### Work instructions
Check every line below for the string "omega". Copy the ones that have it.

### Exercise materials
============

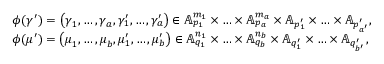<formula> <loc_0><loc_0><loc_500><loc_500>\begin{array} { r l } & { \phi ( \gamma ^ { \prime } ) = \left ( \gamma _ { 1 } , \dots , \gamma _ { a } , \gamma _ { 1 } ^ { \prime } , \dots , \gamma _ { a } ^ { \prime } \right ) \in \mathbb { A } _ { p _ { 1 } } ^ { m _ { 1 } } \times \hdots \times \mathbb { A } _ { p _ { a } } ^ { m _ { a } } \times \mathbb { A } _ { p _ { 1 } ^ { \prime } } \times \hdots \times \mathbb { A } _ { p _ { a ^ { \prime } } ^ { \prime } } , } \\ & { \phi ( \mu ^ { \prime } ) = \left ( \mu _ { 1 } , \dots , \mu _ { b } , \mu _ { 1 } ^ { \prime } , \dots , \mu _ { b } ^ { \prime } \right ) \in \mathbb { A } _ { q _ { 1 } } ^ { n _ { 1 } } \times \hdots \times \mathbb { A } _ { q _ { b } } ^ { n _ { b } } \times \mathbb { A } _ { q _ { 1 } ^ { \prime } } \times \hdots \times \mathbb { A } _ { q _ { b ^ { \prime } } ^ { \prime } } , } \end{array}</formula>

============

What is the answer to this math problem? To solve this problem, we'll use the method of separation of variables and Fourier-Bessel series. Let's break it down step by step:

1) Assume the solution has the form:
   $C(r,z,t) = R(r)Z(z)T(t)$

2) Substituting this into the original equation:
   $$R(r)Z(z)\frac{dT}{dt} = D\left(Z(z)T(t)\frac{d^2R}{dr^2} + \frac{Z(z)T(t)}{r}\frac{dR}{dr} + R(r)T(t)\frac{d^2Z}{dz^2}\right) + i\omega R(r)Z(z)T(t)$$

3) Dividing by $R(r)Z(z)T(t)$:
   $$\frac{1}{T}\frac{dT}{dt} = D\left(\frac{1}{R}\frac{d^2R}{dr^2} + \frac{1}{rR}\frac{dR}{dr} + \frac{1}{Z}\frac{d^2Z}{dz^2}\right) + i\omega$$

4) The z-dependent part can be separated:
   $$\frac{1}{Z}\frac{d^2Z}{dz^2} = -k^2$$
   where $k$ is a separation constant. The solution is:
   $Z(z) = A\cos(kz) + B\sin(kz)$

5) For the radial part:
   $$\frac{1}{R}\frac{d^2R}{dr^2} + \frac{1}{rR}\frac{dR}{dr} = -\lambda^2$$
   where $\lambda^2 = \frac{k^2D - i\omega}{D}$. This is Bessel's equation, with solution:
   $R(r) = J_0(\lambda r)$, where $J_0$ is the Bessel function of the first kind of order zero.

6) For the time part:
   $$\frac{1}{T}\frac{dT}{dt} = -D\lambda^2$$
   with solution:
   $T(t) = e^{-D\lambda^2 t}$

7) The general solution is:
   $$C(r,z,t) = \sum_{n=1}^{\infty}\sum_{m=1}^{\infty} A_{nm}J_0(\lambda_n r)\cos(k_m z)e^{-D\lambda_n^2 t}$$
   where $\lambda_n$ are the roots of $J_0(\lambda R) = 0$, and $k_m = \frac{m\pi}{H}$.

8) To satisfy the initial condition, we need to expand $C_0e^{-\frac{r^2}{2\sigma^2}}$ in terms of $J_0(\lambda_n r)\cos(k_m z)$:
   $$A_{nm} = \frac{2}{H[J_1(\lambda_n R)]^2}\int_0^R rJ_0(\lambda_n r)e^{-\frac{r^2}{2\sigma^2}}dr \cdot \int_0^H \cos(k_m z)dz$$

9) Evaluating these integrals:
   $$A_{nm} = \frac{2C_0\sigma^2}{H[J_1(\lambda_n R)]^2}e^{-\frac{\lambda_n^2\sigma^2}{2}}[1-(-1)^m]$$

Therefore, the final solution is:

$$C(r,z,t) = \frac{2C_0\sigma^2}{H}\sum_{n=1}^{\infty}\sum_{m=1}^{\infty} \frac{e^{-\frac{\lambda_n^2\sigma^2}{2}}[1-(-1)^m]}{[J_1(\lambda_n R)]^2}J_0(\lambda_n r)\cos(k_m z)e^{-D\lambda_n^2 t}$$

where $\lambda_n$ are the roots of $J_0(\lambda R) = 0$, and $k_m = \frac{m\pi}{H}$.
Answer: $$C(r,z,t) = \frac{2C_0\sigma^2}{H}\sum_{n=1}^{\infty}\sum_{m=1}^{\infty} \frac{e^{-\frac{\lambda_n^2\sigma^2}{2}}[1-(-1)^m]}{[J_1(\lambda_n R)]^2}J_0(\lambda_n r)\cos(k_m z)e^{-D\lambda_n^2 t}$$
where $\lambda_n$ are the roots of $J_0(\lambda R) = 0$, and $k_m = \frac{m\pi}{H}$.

============

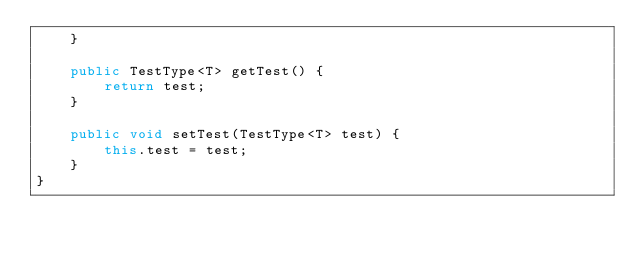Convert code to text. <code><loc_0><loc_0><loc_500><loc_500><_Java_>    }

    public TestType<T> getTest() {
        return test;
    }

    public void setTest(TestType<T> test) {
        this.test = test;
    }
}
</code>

============

### Finished task
   $$R(r)Z(z)\frac{dT}{dt} = D\left(Z(z)T(t)\frac{d^2R}{dr^2} + \frac{Z(z)T(t)}{r}\frac{dR}{dr} + R(r)T(t)\frac{d^2Z}{dz^2}\right) + i\omega R(r)Z(z)T(t)$$
   $$\frac{1}{T}\frac{dT}{dt} = D\left(\frac{1}{R}\frac{d^2R}{dr^2} + \frac{1}{rR}\frac{dR}{dr} + \frac{1}{Z}\frac{d^2Z}{dz^2}\right) + i\omega$$
   where $\lambda^2 = \frac{k^2D - i\omega}{D}$. This is Bessel's equation, with solution:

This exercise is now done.